No. of patients who could not complete the scheduled RT.

(One of two patients who received 36 Gy in 18 fractions).

BED10, Biologically Effective Dose calculated by the Linear Quadratic Formula with an alpha/beta ratio of 10; CTV, clinical target volume.

ITV was determined according to six respiratory phases within CT images over the course of two days. A PTV margin of 0.5–1.0 cm was used with three-dimensional conformal RT (3DCRT) for radiation delivery. Daily low-dose cone-beam CT was used for image guidance. All patients were treated with 3DCRT with six or 10 MV X-rays.
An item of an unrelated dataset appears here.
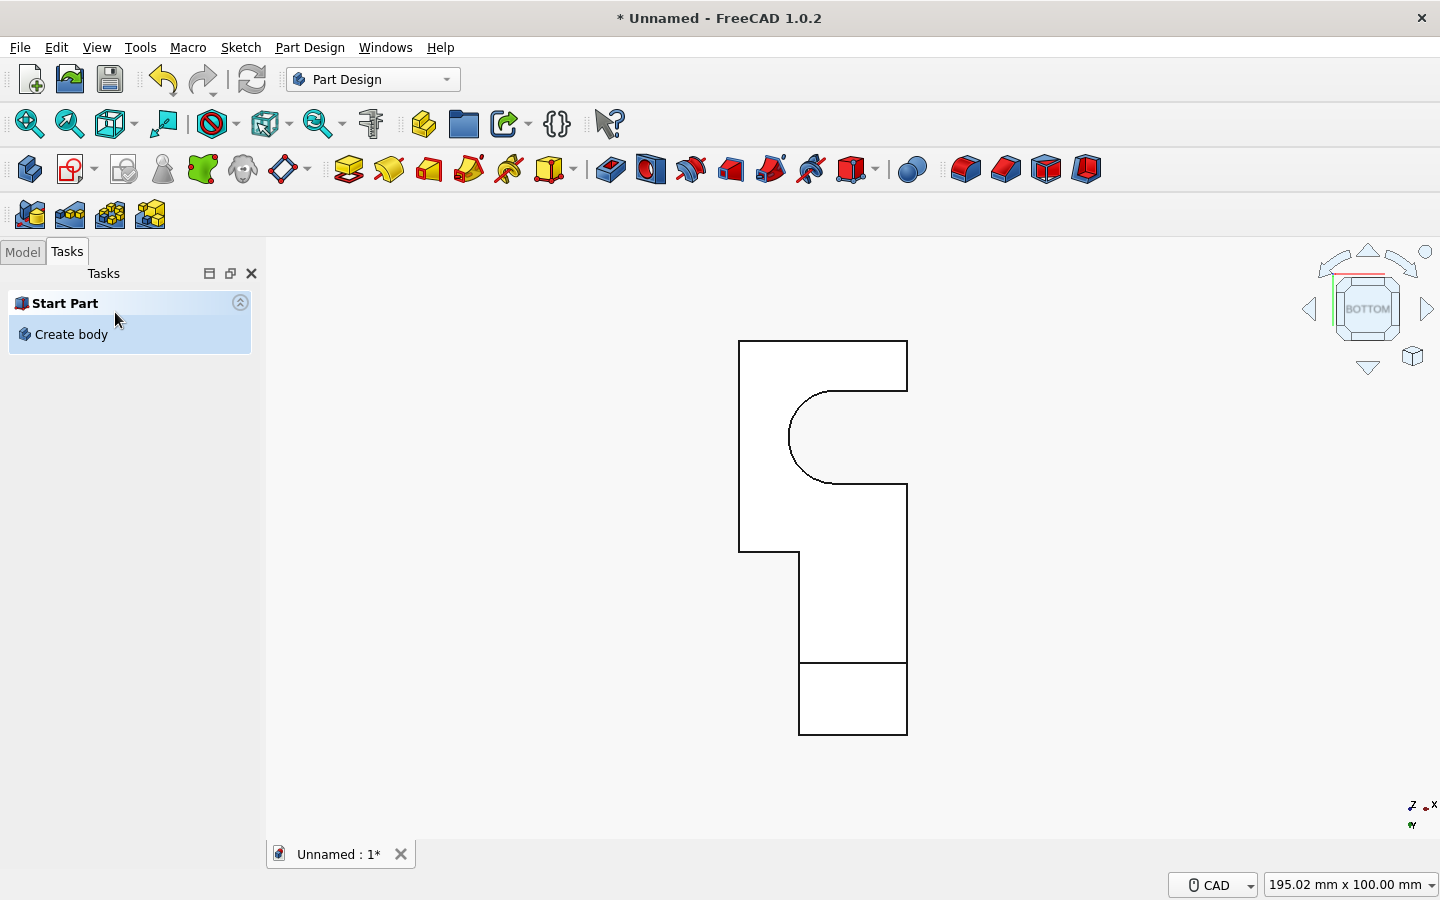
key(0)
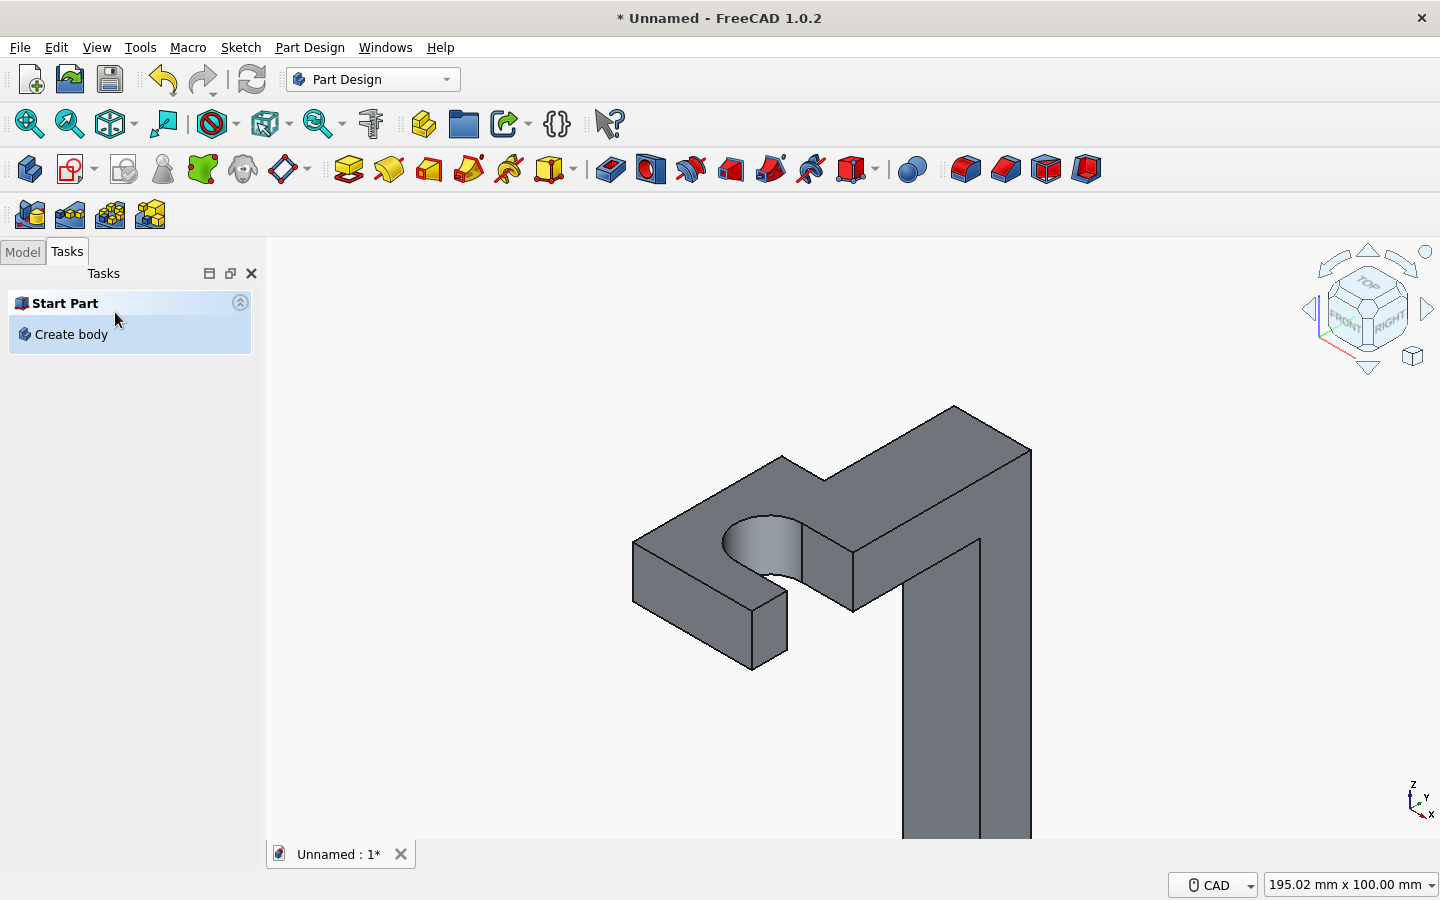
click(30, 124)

Figure 1 shows a representative treatment plan.

FIG. 1.

Representative 3DCRT planning with four static portals for gastric cancer originating from the gastric antrum. Case: Male (85 years.); Stage IIIA (T3N2M0). 3DCRT, three-dimensional conformal RT; RT, radiation therapy.
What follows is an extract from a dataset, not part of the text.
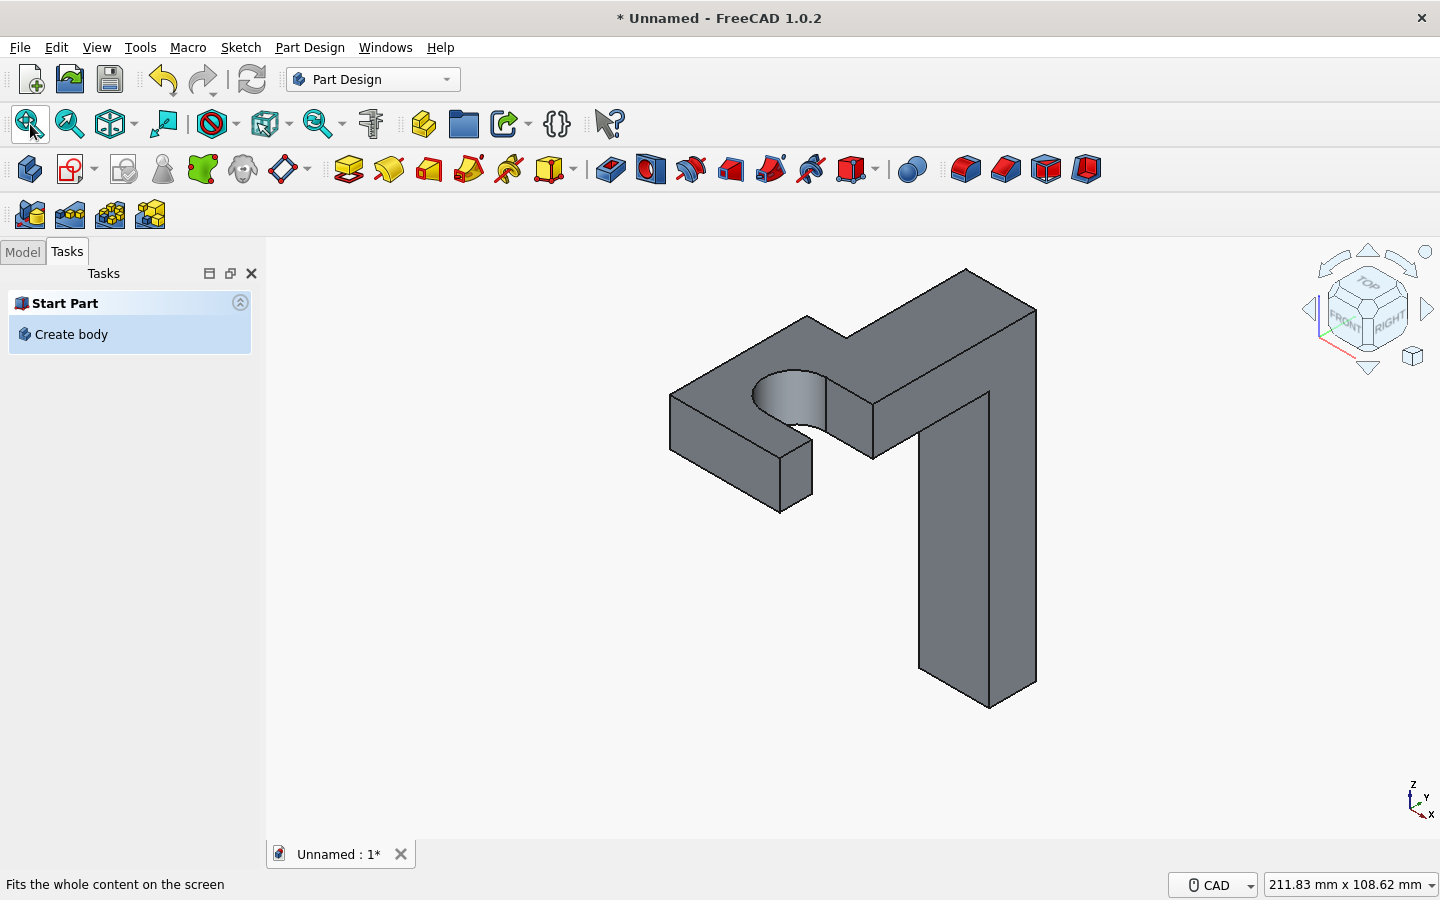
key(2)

The median total dose was 30 Gy (range: 20–40 Gy). A total dose of 30 Gy was delivered to 17/28 patients in 10 fractions. The biologically effective dose (BED), calculated using the linear quadratic formula, was used to compare the fractionation regimens.[13] BED10 was calculated using an alpha/beta ratio of 10.

Chemotherapy

Fifteen patients received chemotherapy (CH) before RT. The first-line CH regimens were S-1 (n = 6), S-1/cisplatin (n = 6), S-1/oxaliplatin (SOX) (n = 2), and S-1/cisplatin/trastuzumab (n = 1). Six patients received second-line CH comprising ramucirumab (RAM)/paclitaxel (PTX) (n = 3), RAM/nab-PTX (n = 2), and camptothecin-11 (CPT-11) (n = 1). Nivolumab was administered to two patients as third-line CH. Three patients received concurrent chemoradiotherapy (CRT) (S-1, n = 2 and CPT-11, n = 1). CH was administered after RT in four patients (S-1, n = 2; G-SOX/trastuzumab, n = 1; trifluridine and tipiracil hydrochloride, n = 1). Twelve patients did not receive CH during the clinical course.

BT and hemoglobin levels

BT was performed in 22 patients before RT; 18/28 patients did not receive BT during the RT period. The remaining 10 patients received BT (which had been scheduled before the start of RT) later, because RT was performed as soon as possible to achieve hemostasis.
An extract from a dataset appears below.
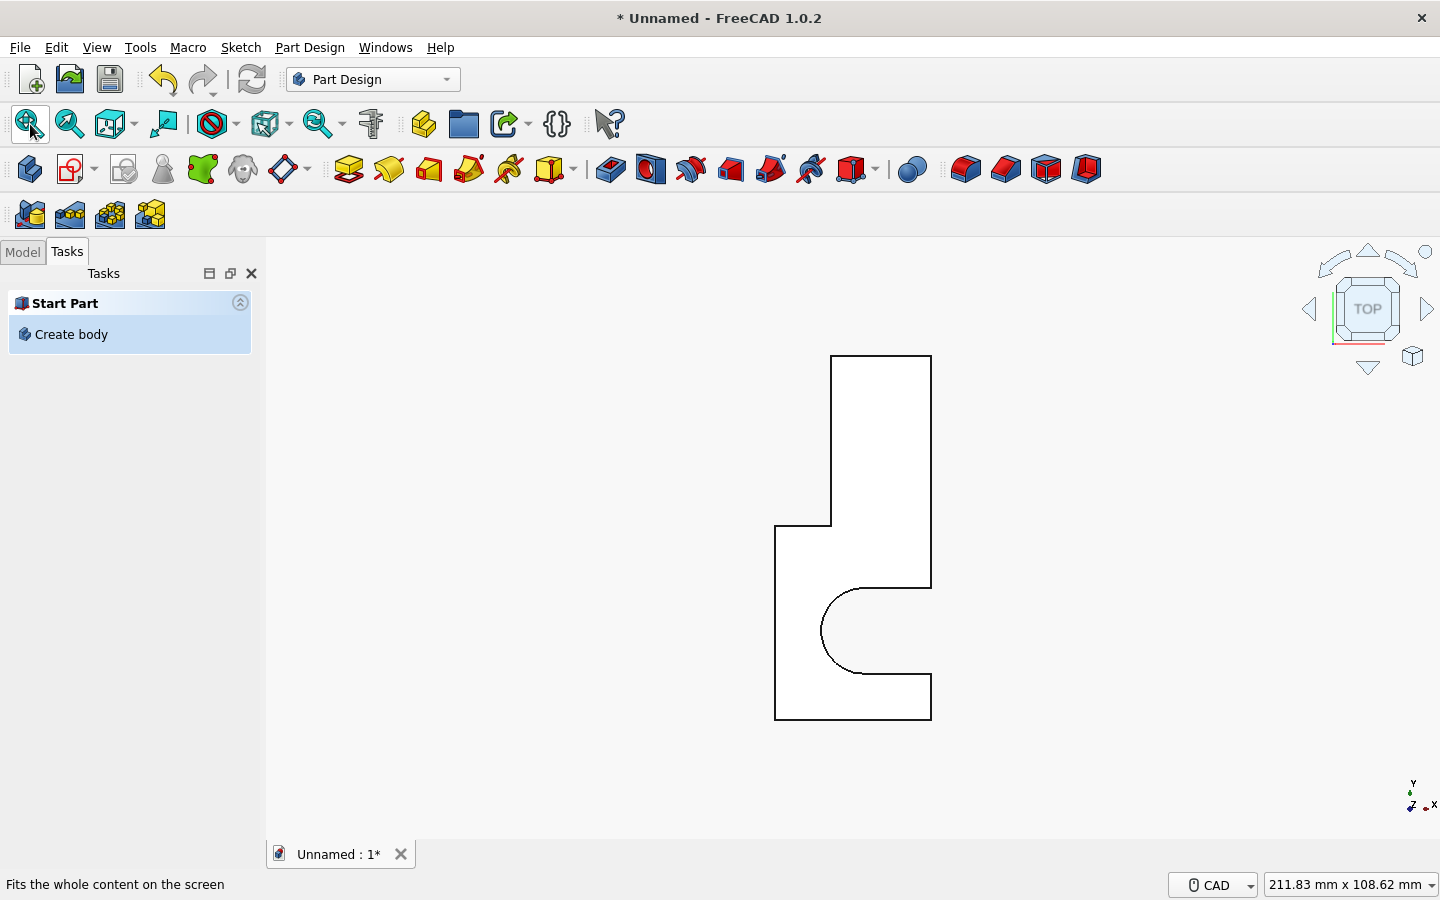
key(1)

Hemoglobin (Hb) levels were measured two, three, four, and six weeks after RT (n = 5, n = 1, n = 21, and n = 12, respectively). Hb levels could not be measured in one patient who was transferred to hospice immediately after RT. Hb levels were measured the day after BT in 10 patients who received BT during RT. Ten patients had Hb measurements conducted at both four and six weeks after RT.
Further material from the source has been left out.